The quantile function of \(\text{CNB}\left(D, r1, r2, \frac{p_1}{p_2}\right)\) is defined as

\[Q(x) = \inf\limits_{k\in 0:D}\left\{\sum\limits_{u=0}^{k} f_{X|_{X+Y=D}}(u) \geq x\right\}\]

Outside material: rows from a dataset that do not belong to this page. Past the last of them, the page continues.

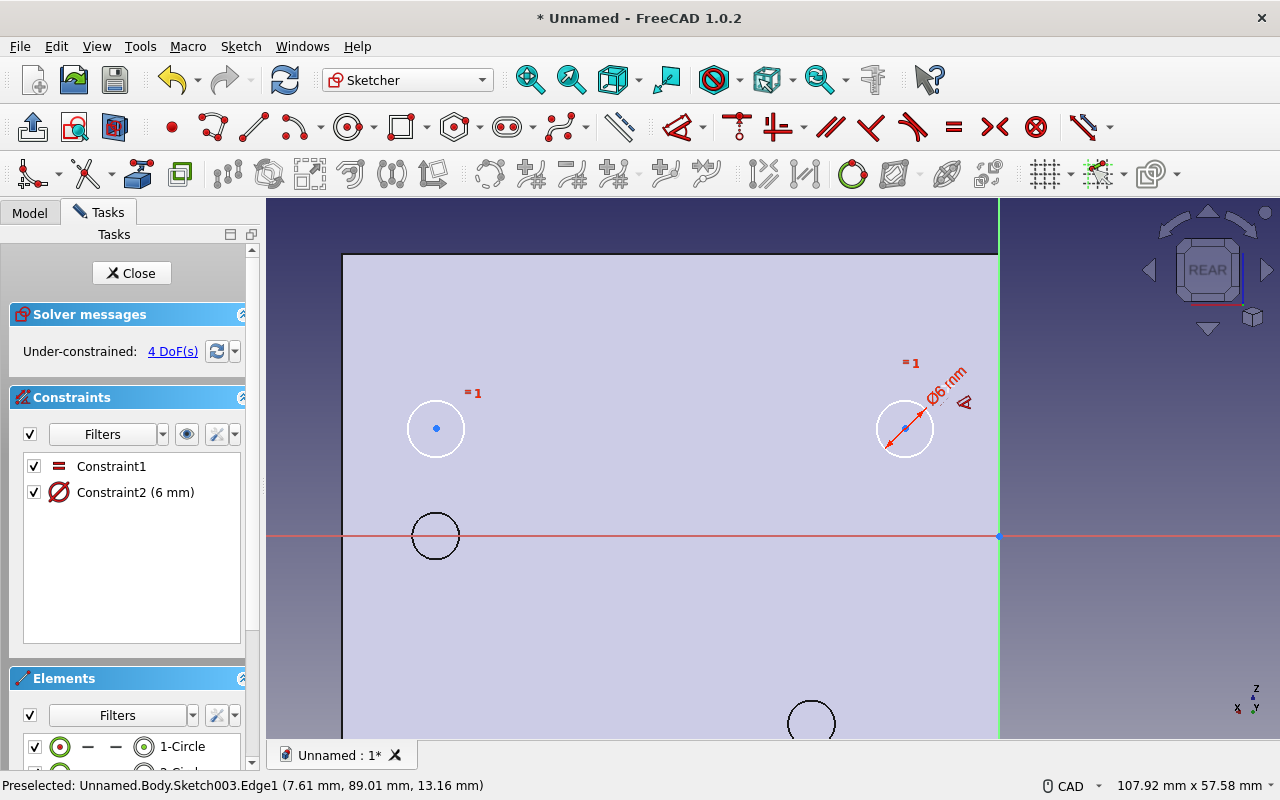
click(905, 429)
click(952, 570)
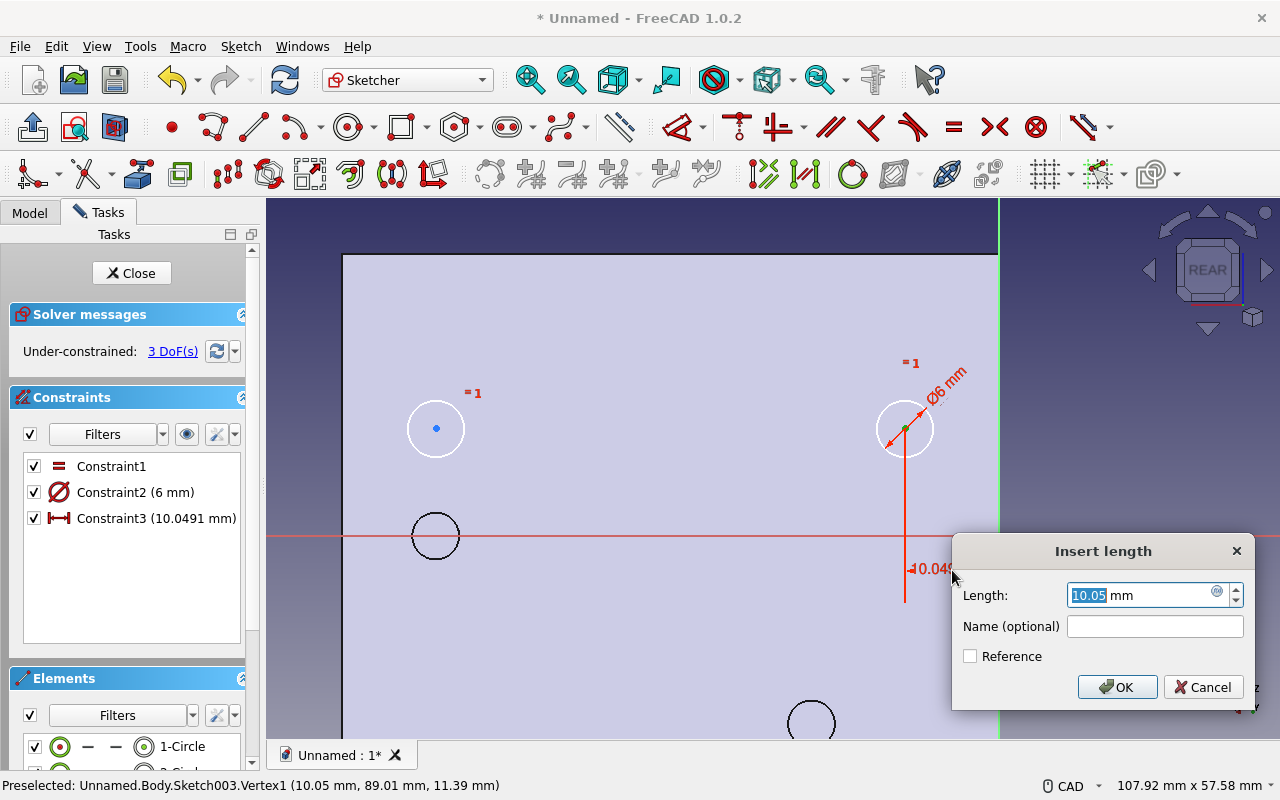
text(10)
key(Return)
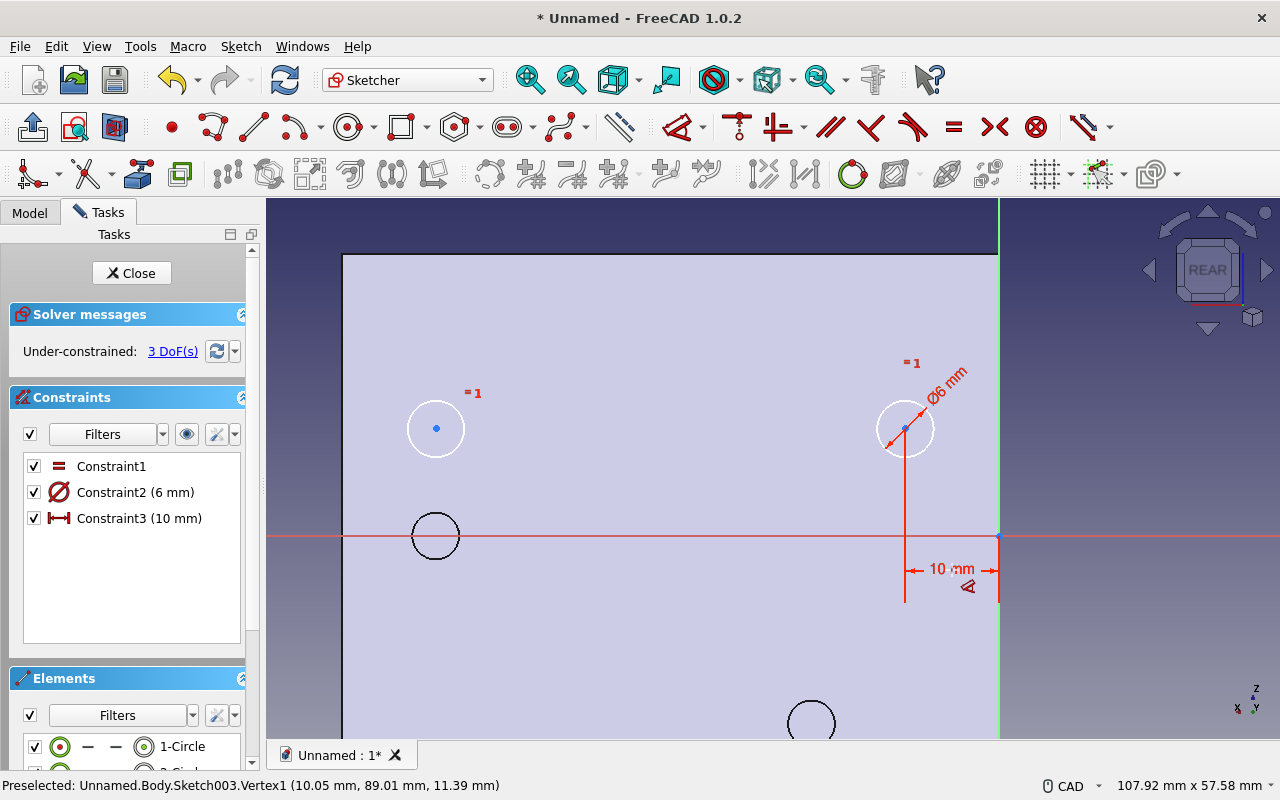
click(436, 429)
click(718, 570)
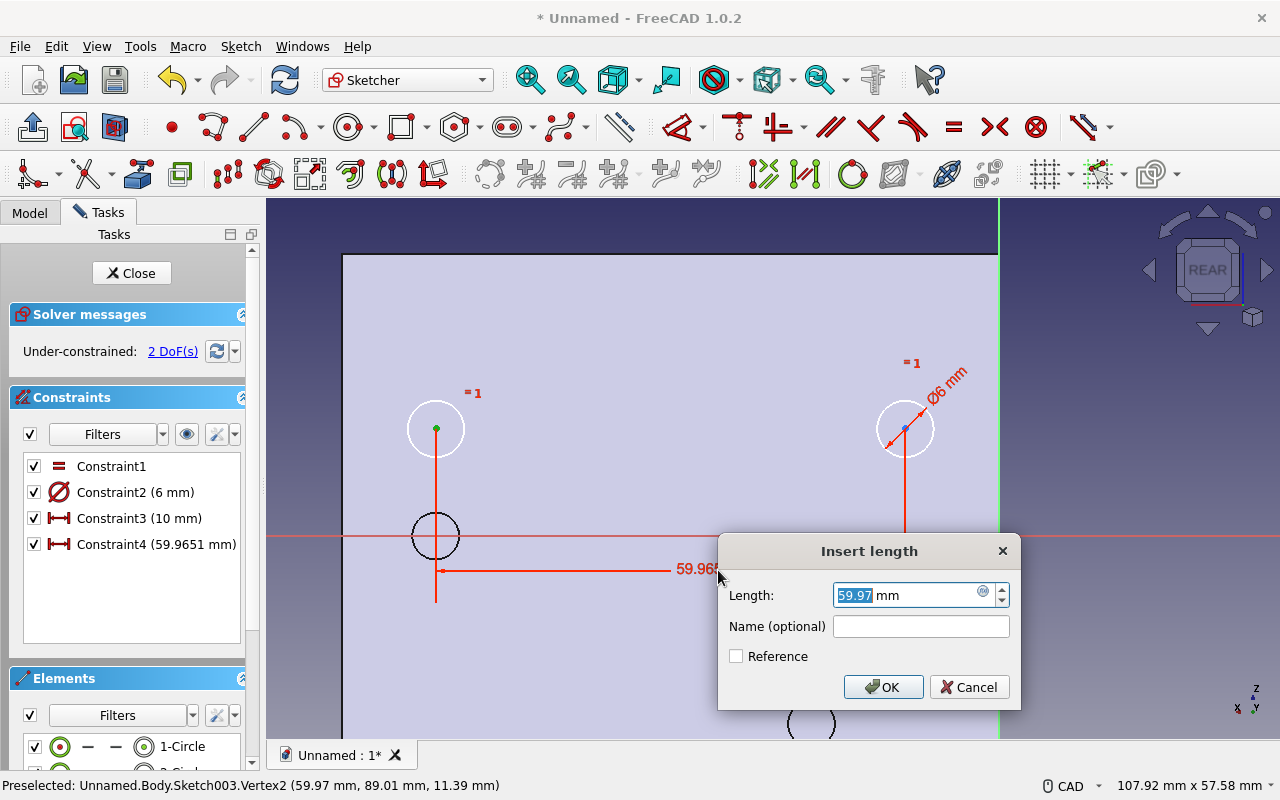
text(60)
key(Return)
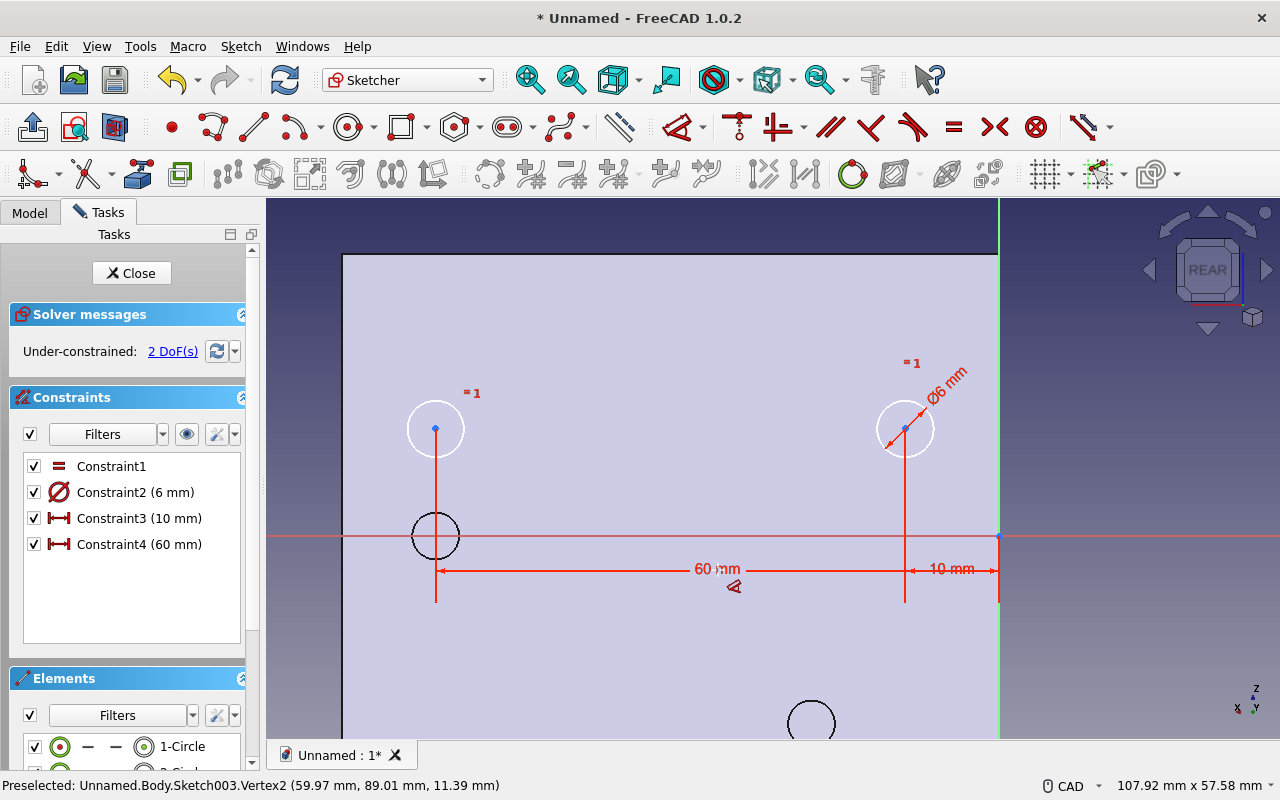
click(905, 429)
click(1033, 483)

and it is implemented by applying bisection method to the distribution function. In cnbdistr the quantile function can be computed by qcnb.

library(cnbdistr)
D <- 11
r1 <- 4
r2 <- 0.8
theta <- 0.63 # this is p1/p2
x <- qcnb(seq(0, 1, 0.01), D, r1, r2, theta)
plot(seq(0, 1, 0.01), x, type='s', lwd=4, col = "palegreen3")
y <- qcnb(seq(0, 1, 0.01), D, r2, r1, 1/theta)
plot(seq(0, 1, 0.01), y, type='s', lwd=4, col = "royalblue3")

Random Generator

For drawing samples at random from \(\text{CNB}\left(D, r1, r2, \frac{p_1}{p_2}\right)\), a random generator has been implemented by applying inverse transform sampling to the quantile function. In cnbdistr the random generation is carried out by rcnb.

library(cnbdistr)
D <- 11
r1 <- 4
r2 <- 0.8
theta <- 0.63 # this is p1/p2
x <- rcnb(1e4, D, r1, r2, theta)
hist(x, seq(-0.5, 0.5 + D, by = 1), col = 'gray72')
table(x) / 1e4
## x
##      0      1      2      3      4      5      6      7      8      9 
## 0.0190 0.0461 0.0728 0.1001 0.1071 0.1078 0.1113 0.1024 0.0947 0.0817 
##     10     11 
## 0.0771 0.0799
format(dcnb(0:D, D, r1, r2, theta), digits=2)
##  [1] "0.018" "0.046" "0.074" "0.096" "0.108" "0.112" "0.110" "0.103"
##  [9] "0.094" "0.084" "0.077" "0.077"

Moments

Mean of \(\text{CNB}\left(D, r1, r2, \frac{p_1}{p_2}\right)\) is given by

\[E(X|_{X+Y=D}) = D\cdot\frac{p_1}{p_2}\cdot\frac{r_1}{r_2 + D - 1}\cdot\frac{{}_2 \text{F}_1\left(\begin{matrix}-D+1,\quad r_1+1\\-D-r_2+2 &\end{matrix};\frac{p_1}{p_2}\right)}{{}_2 \text{F}_1\left(\begin{matrix}-D,\quad r_1\\-D-r_2+1 &\end{matrix};\frac{p_1}{p_2}\right)}\]

library(cnbdistr)
D <- 11
r1 <- 4
r2 <- 0.8
theta <- 0.63 # this is p1/p2
mu_cnb(D, r1, r2, theta)
## [1] 5.984561
sum(c(0:D) * dcnb(0:D, D, r1, r2, theta))
## [1] 5.984561

Variance of \(\text{CNB}\left(D, r1, r2, \frac{p_1}{p_2}\right)\) is given by

\[V(X|_{X+Y=D}) = D(D-1)\cdot\left(\frac{p_1}{p_2}\right)^2\cdot\frac{r_1(r_1+1)}{(r_2 + D - 1)(r_2+D-2)}\cdot\frac{{}_2 \text{F}_1\left(\begin{matrix}-D+2,\quad r_1+2\\-D-r_2+3 &\end{matrix};\frac{p_1}{p_2}\right)}{{}_2 \text{F}_1\left(\begin{matrix}-D,\quad r_1\\-D-r_2+1 &\end{matrix};\frac{p_1}{p_2}\right)} \\ + E(X|_{X+Y=D})\left(1-E(X|_{X+Y=D})\right)\]

library(cnbdistr)
D <- 11
r1 <- 4
r2 <- 0.8
theta <- 0.63 # this is p1/p2
sigma2_cnb(D, r1, r2, theta)
## [1] 8.795583
sum((c(0:D) - mu_cnb(D, r1, r2, theta))^2 * dcnb(0:D, D, r1, r2, theta))
## [1] 8.795583

References

Abramowitz, Milton, Irene A Stegun, and others. 1972. Handbook of Mathematical Functions with Formulas, Graphs, and Mathematical Tables. Vol. 9. Dover, New York.